== Segment start ==
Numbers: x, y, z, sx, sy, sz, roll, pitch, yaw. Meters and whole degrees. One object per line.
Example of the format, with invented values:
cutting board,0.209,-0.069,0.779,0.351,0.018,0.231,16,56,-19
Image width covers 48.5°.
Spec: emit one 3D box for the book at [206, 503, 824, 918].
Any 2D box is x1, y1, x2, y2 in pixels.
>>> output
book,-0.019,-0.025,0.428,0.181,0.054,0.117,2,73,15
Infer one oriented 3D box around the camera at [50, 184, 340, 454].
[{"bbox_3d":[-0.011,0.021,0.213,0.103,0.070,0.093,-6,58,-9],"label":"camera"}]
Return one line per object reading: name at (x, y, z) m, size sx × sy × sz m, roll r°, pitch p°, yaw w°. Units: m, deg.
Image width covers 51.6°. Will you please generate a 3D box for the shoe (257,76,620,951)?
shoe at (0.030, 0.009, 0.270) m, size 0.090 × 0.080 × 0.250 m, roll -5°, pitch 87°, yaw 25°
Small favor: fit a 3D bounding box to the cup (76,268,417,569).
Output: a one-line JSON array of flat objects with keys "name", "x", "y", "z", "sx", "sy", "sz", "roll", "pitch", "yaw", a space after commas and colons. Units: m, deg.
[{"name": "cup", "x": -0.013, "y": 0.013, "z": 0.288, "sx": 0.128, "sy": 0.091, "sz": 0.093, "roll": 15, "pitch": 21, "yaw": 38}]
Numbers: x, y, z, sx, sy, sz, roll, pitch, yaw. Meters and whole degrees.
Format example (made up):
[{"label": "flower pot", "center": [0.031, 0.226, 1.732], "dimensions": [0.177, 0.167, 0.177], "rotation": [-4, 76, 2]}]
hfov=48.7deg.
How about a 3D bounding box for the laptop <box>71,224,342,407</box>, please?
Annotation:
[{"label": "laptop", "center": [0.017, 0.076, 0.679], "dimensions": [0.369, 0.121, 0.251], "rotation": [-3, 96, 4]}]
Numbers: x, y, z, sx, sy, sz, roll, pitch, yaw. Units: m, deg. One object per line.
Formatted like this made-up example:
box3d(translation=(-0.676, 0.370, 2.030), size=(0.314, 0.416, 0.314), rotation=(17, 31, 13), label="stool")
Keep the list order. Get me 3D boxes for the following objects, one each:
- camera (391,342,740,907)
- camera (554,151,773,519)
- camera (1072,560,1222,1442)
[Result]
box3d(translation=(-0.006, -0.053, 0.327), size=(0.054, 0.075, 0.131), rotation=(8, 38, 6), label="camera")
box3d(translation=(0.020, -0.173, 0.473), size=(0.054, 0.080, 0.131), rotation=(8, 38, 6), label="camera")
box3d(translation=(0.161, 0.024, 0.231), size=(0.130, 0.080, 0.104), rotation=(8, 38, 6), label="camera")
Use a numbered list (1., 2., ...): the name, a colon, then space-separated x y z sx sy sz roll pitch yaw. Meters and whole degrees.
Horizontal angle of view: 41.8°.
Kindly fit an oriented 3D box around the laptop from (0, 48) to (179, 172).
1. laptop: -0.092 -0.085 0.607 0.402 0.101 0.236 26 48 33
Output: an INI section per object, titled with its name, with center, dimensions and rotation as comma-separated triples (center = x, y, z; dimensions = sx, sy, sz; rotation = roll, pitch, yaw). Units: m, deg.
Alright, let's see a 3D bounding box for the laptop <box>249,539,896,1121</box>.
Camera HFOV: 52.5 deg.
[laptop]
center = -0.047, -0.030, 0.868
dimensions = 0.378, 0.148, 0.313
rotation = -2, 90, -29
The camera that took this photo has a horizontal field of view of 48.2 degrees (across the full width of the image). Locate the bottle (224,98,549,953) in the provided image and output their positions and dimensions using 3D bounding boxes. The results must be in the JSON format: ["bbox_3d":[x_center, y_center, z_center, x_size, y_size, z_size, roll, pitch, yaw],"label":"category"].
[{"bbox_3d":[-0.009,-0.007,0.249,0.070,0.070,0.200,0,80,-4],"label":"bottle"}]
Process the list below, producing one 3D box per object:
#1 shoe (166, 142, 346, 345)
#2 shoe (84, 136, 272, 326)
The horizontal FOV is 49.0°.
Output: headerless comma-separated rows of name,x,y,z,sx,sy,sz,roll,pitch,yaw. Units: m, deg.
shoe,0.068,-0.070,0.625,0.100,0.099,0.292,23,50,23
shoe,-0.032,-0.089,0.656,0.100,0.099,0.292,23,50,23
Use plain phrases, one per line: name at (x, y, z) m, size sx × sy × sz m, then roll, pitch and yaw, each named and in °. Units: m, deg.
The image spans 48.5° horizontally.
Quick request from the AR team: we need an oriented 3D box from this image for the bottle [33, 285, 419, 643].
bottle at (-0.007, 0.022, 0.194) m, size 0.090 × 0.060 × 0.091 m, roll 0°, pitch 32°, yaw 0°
== Segment end ==
• WHAT TO DO
Output each record exactly, leaving nothing out.

• EXERCISE RESPONSE
Numbers: x, y, z, sx, sy, sz, roll, pitch, yaw. Meters and whole degrees. One object per line.
Example of the format, with invented values:
cutting board,0.209,-0.069,0.779,0.351,0.018,0.231,16,56,-19
Image width covers 48.5°.
Spec: emit one 3D box for the book at [206, 503, 824, 918].
Any 2D box is x1, y1, x2, y2 in pixels.
>>> output
book,-0.019,-0.025,0.428,0.181,0.054,0.117,2,73,15
Infer one oriented 3D box around the camera at [50, 184, 340, 454].
[{"bbox_3d":[-0.011,0.021,0.213,0.103,0.070,0.093,-6,58,-9],"label":"camera"}]
Return one line per object reading: name at (x, y, z) m, size sx × sy × sz m, roll r°, pitch p°, yaw w°. Units: m, deg.
Image width covers 51.6°. Will you please generate a 3D box for the shoe (257,76,620,951)?
shoe at (0.030, 0.009, 0.270) m, size 0.090 × 0.080 × 0.250 m, roll -5°, pitch 87°, yaw 25°
Small favor: fit a 3D bounding box to the cup (76,268,417,569).
Output: a one-line JSON array of flat objects with keys "name", "x", "y", "z", "sx", "sy", "sz", "roll", "pitch", "yaw", a space after commas and colons. Units: m, deg.
[{"name": "cup", "x": -0.013, "y": 0.013, "z": 0.288, "sx": 0.128, "sy": 0.091, "sz": 0.093, "roll": 15, "pitch": 21, "yaw": 38}]
Numbers: x, y, z, sx, sy, sz, roll, pitch, yaw. Meters and whole degrees.
Format example (made up):
[{"label": "flower pot", "center": [0.031, 0.226, 1.732], "dimensions": [0.177, 0.167, 0.177], "rotation": [-4, 76, 2]}]
hfov=48.7deg.
How about a 3D bounding box for the laptop <box>71,224,342,407</box>, please?
Annotation:
[{"label": "laptop", "center": [0.017, 0.076, 0.679], "dimensions": [0.369, 0.121, 0.251], "rotation": [-3, 96, 4]}]
Numbers: x, y, z, sx, sy, sz, roll, pitch, yaw. Units: m, deg. One object per line.
Formatted like this made-up example:
box3d(translation=(-0.676, 0.370, 2.030), size=(0.314, 0.416, 0.314), rotation=(17, 31, 13), label="stool")
Keep the list order. Get me 3D boxes for the following objects, one each:
- camera (391,342,740,907)
- camera (554,151,773,519)
- camera (1072,560,1222,1442)
[Result]
box3d(translation=(-0.006, -0.053, 0.327), size=(0.054, 0.075, 0.131), rotation=(8, 38, 6), label="camera")
box3d(translation=(0.020, -0.173, 0.473), size=(0.054, 0.080, 0.131), rotation=(8, 38, 6), label="camera")
box3d(translation=(0.161, 0.024, 0.231), size=(0.130, 0.080, 0.104), rotation=(8, 38, 6), label="camera")
Use a numbered list (1., 2., ...): the name, a colon, then space-separated x y z sx sy sz roll pitch yaw. Meters and whole degrees.
Horizontal angle of view: 41.8°.
Kindly fit an oriented 3D box around the laptop from (0, 48) to (179, 172).
1. laptop: -0.092 -0.085 0.607 0.402 0.101 0.236 26 48 33
Output: an INI section per object, titled with its name, with center, dimensions and rotation as comma-separated triples (center = x, y, z; dimensions = sx, sy, sz; rotation = roll, pitch, yaw). Units: m, deg.
Alright, let's see a 3D bounding box for the laptop <box>249,539,896,1121</box>.
Camera HFOV: 52.5 deg.
[laptop]
center = -0.047, -0.030, 0.868
dimensions = 0.378, 0.148, 0.313
rotation = -2, 90, -29
The camera that took this photo has a horizontal field of view of 48.2 degrees (across the full width of the image). Locate the bottle (224,98,549,953) in the provided image and output their positions and dimensions using 3D bounding boxes. The results must be in the JSON format: ["bbox_3d":[x_center, y_center, z_center, x_size, y_size, z_size, roll, pitch, yaw],"label":"category"].
[{"bbox_3d":[-0.009,-0.007,0.249,0.070,0.070,0.200,0,80,-4],"label":"bottle"}]
Process the list below, producing one 3D box per object:
#1 shoe (166, 142, 346, 345)
#2 shoe (84, 136, 272, 326)
The horizontal FOV is 49.0°.
Output: headerless comma-separated rows of name,x,y,z,sx,sy,sz,roll,pitch,yaw. Units: m, deg.
shoe,0.068,-0.070,0.625,0.100,0.099,0.292,23,50,23
shoe,-0.032,-0.089,0.656,0.100,0.099,0.292,23,50,23
Use plain phrases, one per line: name at (x, y, z) m, size sx × sy × sz m, then roll, pitch and yaw, each named and in °. Units: m, deg.
The image spans 48.5° horizontally.
Quick request from the AR team: we need an oriented 3D box from this image for the bottle [33, 285, 419, 643].
bottle at (-0.007, 0.022, 0.194) m, size 0.090 × 0.060 × 0.091 m, roll 0°, pitch 32°, yaw 0°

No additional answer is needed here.